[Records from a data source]
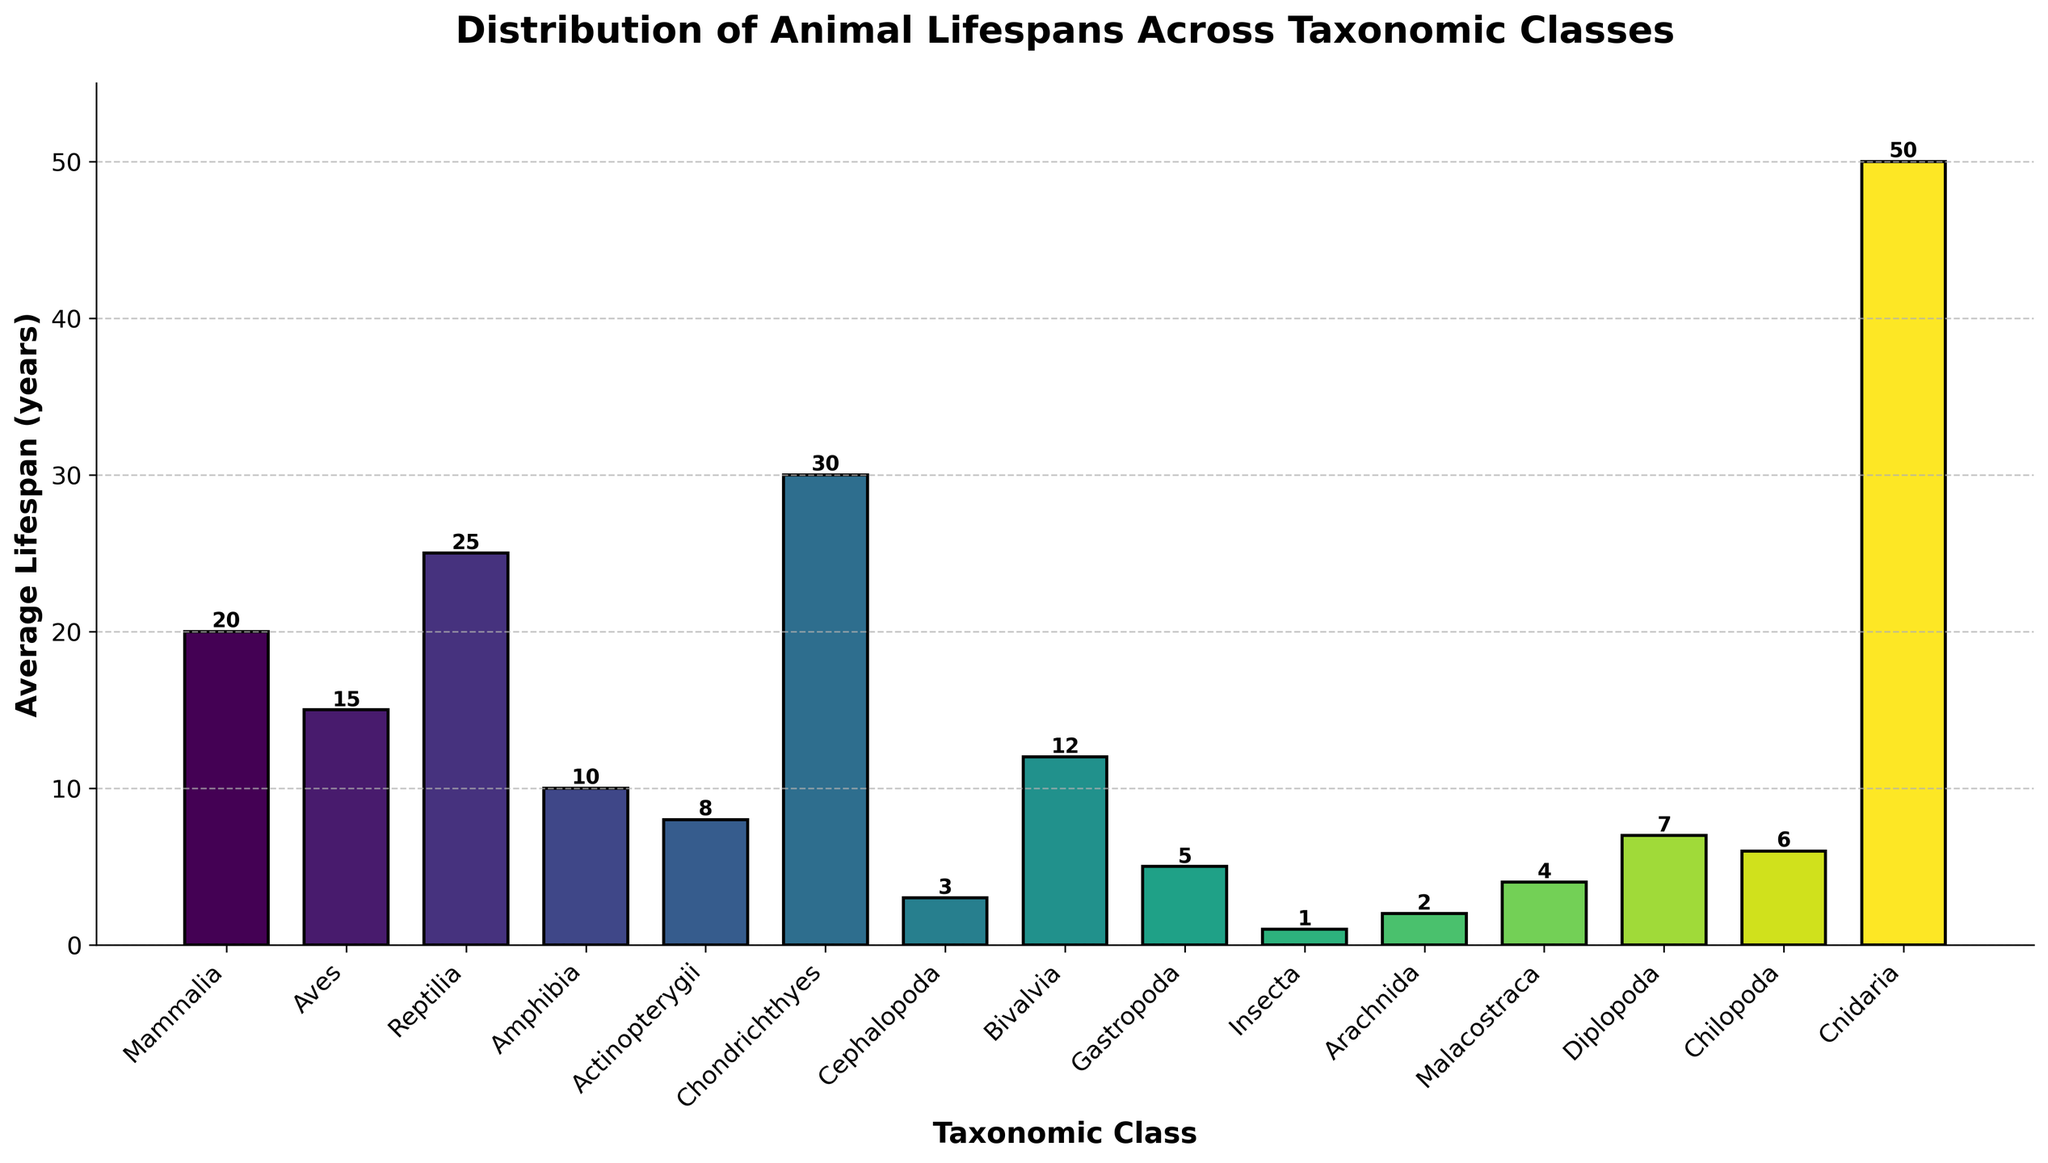Which taxonomic class has the longest average lifespan? The bar representing "Cnidaria" is the tallest among all bars in the chart, indicating that it has the longest average lifespan.
Answer: Cnidaria Which taxonomic class has the shortest average lifespan? The bar representing "Insecta" is the shortest among all bars in the chart, indicating that it has the shortest average lifespan.
Answer: Insecta What is the difference in average lifespan between Mammalia and Reptilia? The average lifespan of Mammalia is 20 years, and that of Reptilia is 25 years. The difference is calculated as 25 - 20 = 5 years.
Answer: 5 years Which has a higher average lifespan, Aves or Chondrichthyes? The bar for "Chondrichthyes" is taller than the bar for "Aves," indicating that Chondrichthyes has a higher average lifespan.
Answer: Chondrichthyes What is the combined average lifespan of Gastropoda, Cephalopoda, and Arachnida? The average lifespans are 5 years for Gastropoda, 3 years for Cephalopoda, and 2 years for Arachnida. The combined average lifespan is calculated as 5 + 3 + 2 = 10 years.
Answer: 10 years Which taxonomic class has an average lifespan closest to 10 years? The bar for "Amphibia" is closest to the height representing 10 years, indicating that Amphibia has an average lifespan closest to 10 years.
Answer: Amphibia Which taxonomic class has a lifespan between the ranges of 5 to 10 years? The bars representing "Actinopterygii," "Bivalvia," "Diplopoda," and "Chilopoda" fall within the range of 5 to 10 years, indicating these classes have average lifespans within this range.
Answer: Actinopterygii, Bivalvia, Diplopoda, and Chilopoda How does the average lifespan of Bivalvia compare to Amphibia and Actinopterygii? The average lifespan of Bivalvia (12 years) is greater than both Amphibia (10 years) and Actinopterygii (8 years).
Answer: Greater than both What is the average lifespan for the taxonomic classes with the three highest lifespans? The top three highest lifespans are Cnidaria (50 years), Chondrichthyes (30 years), and Reptilia (25 years). The average is calculated as (50 + 30 + 25) / 3 ≈ 35 years.
Answer: 35 years 
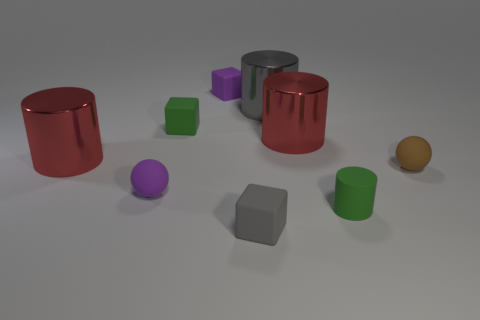What color is the block in front of the small rubber cylinder?
Ensure brevity in your answer.  Gray. Do the large cylinder on the left side of the big gray shiny object and the small brown thing have the same material?
Offer a very short reply. No. How many things are both to the left of the brown thing and behind the small purple ball?
Keep it short and to the point. 5. What is the color of the metallic object that is on the left side of the gray thing behind the small purple rubber thing to the left of the green cube?
Your answer should be compact. Red. What number of other things are there of the same shape as the large gray thing?
Your answer should be very brief. 3. There is a rubber sphere on the left side of the tiny gray rubber thing; is there a cube that is in front of it?
Your answer should be compact. Yes. What number of rubber objects are either big gray things or tiny objects?
Offer a terse response. 6. What material is the object that is both behind the small brown thing and on the left side of the green matte cube?
Keep it short and to the point. Metal. There is a metal cylinder to the left of the ball left of the tiny gray cube; is there a tiny gray rubber object that is behind it?
Make the answer very short. No. Is there anything else that has the same material as the brown object?
Give a very brief answer. Yes. 
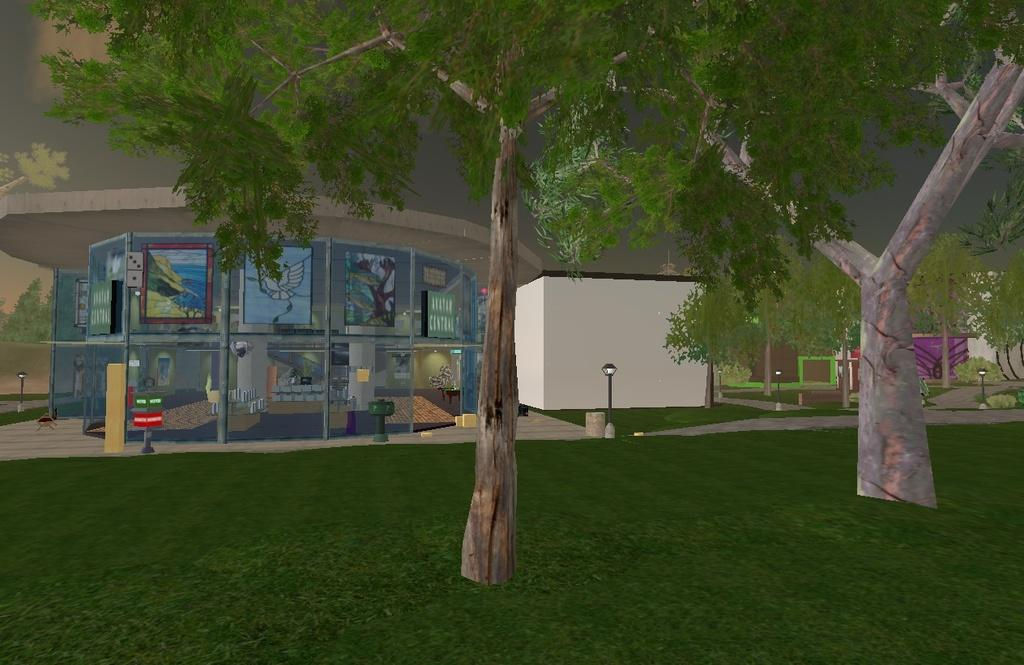What type of art is featured in the image? The image contains digital art. What natural elements are depicted in the digital art? There is grass and trees depicted in the digital art. What man-made structures are depicted in the digital art? There are buildings depicted in the digital art. What color are the poles depicted in the digital art? The poles are black colored. What is visible in the background of the digital art? The sky is visible in the background of the digital art. Can you tell me how many kitties are playing near the river in the image? There is no river or kitties present in the image; it features digital art with grass, trees, buildings, and black poles. What type of porter is carrying the luggage in the image? There is no luggage or porter depicted in the image.

**What to work on**:
Skip the pictures and output all entries exactly.

**Exercise response**:
Which taxonomic class has the longest average lifespan? The bar representing "Cnidaria" is the tallest among all bars in the chart, indicating that it has the longest average lifespan.
Answer: Cnidaria Which taxonomic class has the shortest average lifespan? The bar representing "Insecta" is the shortest among all bars in the chart, indicating that it has the shortest average lifespan.
Answer: Insecta What is the difference in average lifespan between Mammalia and Reptilia? The average lifespan of Mammalia is 20 years, and that of Reptilia is 25 years. The difference is calculated as 25 - 20 = 5 years.
Answer: 5 years Which has a higher average lifespan, Aves or Chondrichthyes? The bar for "Chondrichthyes" is taller than the bar for "Aves," indicating that Chondrichthyes has a higher average lifespan.
Answer: Chondrichthyes What is the combined average lifespan of Gastropoda, Cephalopoda, and Arachnida? The average lifespans are 5 years for Gastropoda, 3 years for Cephalopoda, and 2 years for Arachnida. The combined average lifespan is calculated as 5 + 3 + 2 = 10 years.
Answer: 10 years Which taxonomic class has an average lifespan closest to 10 years? The bar for "Amphibia" is closest to the height representing 10 years, indicating that Amphibia has an average lifespan closest to 10 years.
Answer: Amphibia Which taxonomic class has a lifespan between the ranges of 5 to 10 years? The bars representing "Actinopterygii," "Bivalvia," "Diplopoda," and "Chilopoda" fall within the range of 5 to 10 years, indicating these classes have average lifespans within this range.
Answer: Actinopterygii, Bivalvia, Diplopoda, and Chilopoda How does the average lifespan of Bivalvia compare to Amphibia and Actinopterygii? The average lifespan of Bivalvia (12 years) is greater than both Amphibia (10 years) and Actinopterygii (8 years).
Answer: Greater than both What is the average lifespan for the taxonomic classes with the three highest lifespans? The top three highest lifespans are Cnidaria (50 years), Chondrichthyes (30 years), and Reptilia (25 years). The average is calculated as (50 + 30 + 25) / 3 ≈ 35 years.
Answer: 35 years 
What color is the block in front of the small rubber cylinder?
Ensure brevity in your answer.  Gray. Do the large cylinder on the left side of the big gray shiny object and the small brown thing have the same material?
Offer a very short reply. No. How many things are both to the left of the brown thing and behind the small purple ball?
Keep it short and to the point. 5. What is the color of the metallic object that is on the left side of the gray thing behind the small purple rubber thing to the left of the green cube?
Your answer should be compact. Red. What number of other things are there of the same shape as the large gray thing?
Your answer should be very brief. 3. There is a rubber sphere on the left side of the tiny gray rubber thing; is there a cube that is in front of it?
Your answer should be compact. Yes. What number of rubber objects are either big gray things or tiny objects?
Offer a terse response. 6. What material is the object that is both behind the small brown thing and on the left side of the green matte cube?
Keep it short and to the point. Metal. There is a metal cylinder to the left of the ball left of the tiny gray cube; is there a tiny gray rubber object that is behind it?
Make the answer very short. No. Is there anything else that has the same material as the brown object?
Give a very brief answer. Yes. 
What type of art is featured in the image? The image contains digital art. What natural elements are depicted in the digital art? There is grass and trees depicted in the digital art. What man-made structures are depicted in the digital art? There are buildings depicted in the digital art. What color are the poles depicted in the digital art? The poles are black colored. What is visible in the background of the digital art? The sky is visible in the background of the digital art. Can you tell me how many kitties are playing near the river in the image? There is no river or kitties present in the image; it features digital art with grass, trees, buildings, and black poles. What type of porter is carrying the luggage in the image? There is no luggage or porter depicted in the image.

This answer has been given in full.